Satellite-based thunderstorm tracking, monitoring and nowcasting over South Africa

Kurzfassung

In this study DLR’s cloud tracker Cb-TRAM (Cumulonimbus TRAcking and Monitoring) is adapted, applied and validated over South Africa for the first time. Cb-TRAM is a fully automated algorithm to detect, track, and nowcast thunderstorms based on data from the METEOSAT SEVIRI (Spinning Enhanced Visible and Infra-Red Imager) instrument. The high resolution visible (HRV), a water vapour (WV 6.2 μm), and two infra-red (IR 10.8 μm and IR 12.0 μm) channels are combined in order to determine three different development stages: on-set of convection, i.e. first development of growing cumulus clouds, (2) rapid development, i.e. strong cooling at cloud top, and (3) mature stage, i.e. thunderstorms reaching or overshooting tropopause levels. During daytime the HRV is used to detect the most active convective updraft regions by exploring the visible texture in the image. During nighttime or in regions where the HRV is not available the texture in the WV 6.2 μm is used to isolate convective turbulence. The tracking is based on the geographical overlap between detected cells and their first guess patterns derived from preceeding time steps.
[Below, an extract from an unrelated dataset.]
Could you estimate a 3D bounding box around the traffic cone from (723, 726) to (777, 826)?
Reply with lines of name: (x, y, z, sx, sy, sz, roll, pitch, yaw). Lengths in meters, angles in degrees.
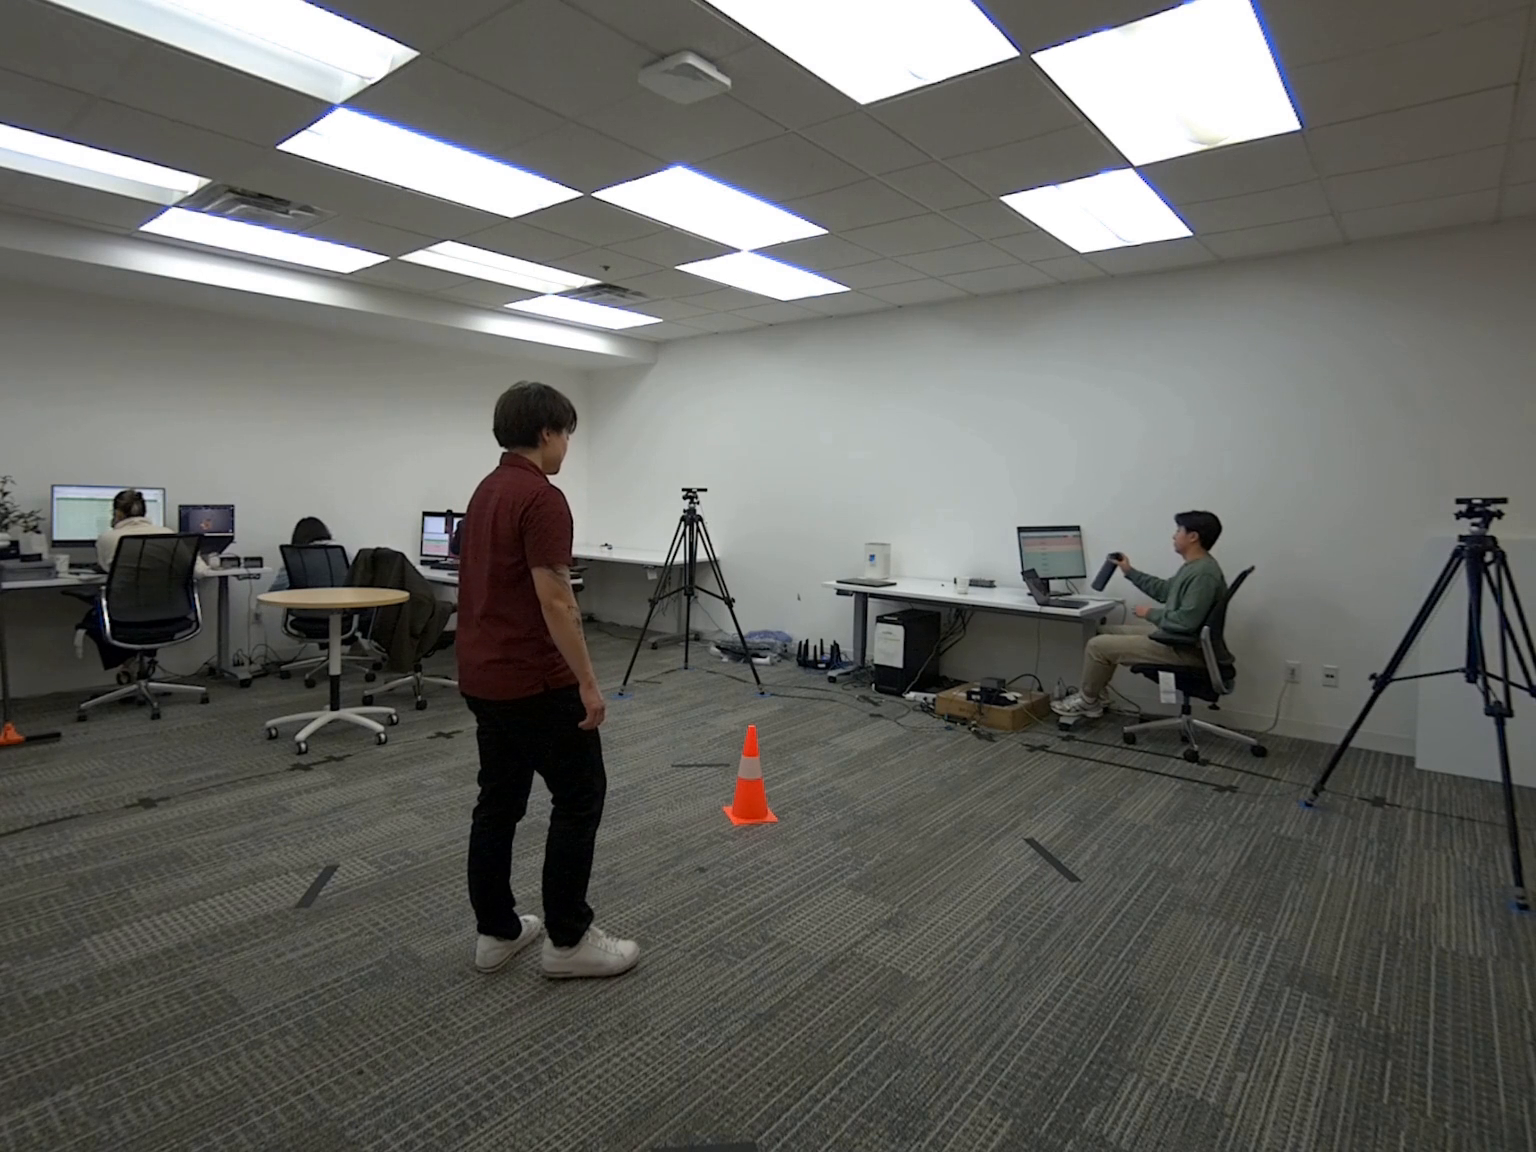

Both, the first guess patterns as well as nowcasts (very short range forecasts) up to 60 minutes are based on a pyramidal image matching algorithm which provides fields of displacement vectors accounting for differential cloud motion. Over South Africa, it was necessary to adapt Cb-TRAM to the HRV sector of the Southern Hemisphere which moves with the position of the sun. In several case studies, the Cb-TRAM detected and nowcast thunderstorm cells will be compared to radar and lightning observations. The performance of Cb-TRAM over South Africa will be demonstrated, and the potential of Cb-TRAM to provide early warnings of thunderstorms and related damage in this region will be dicussed.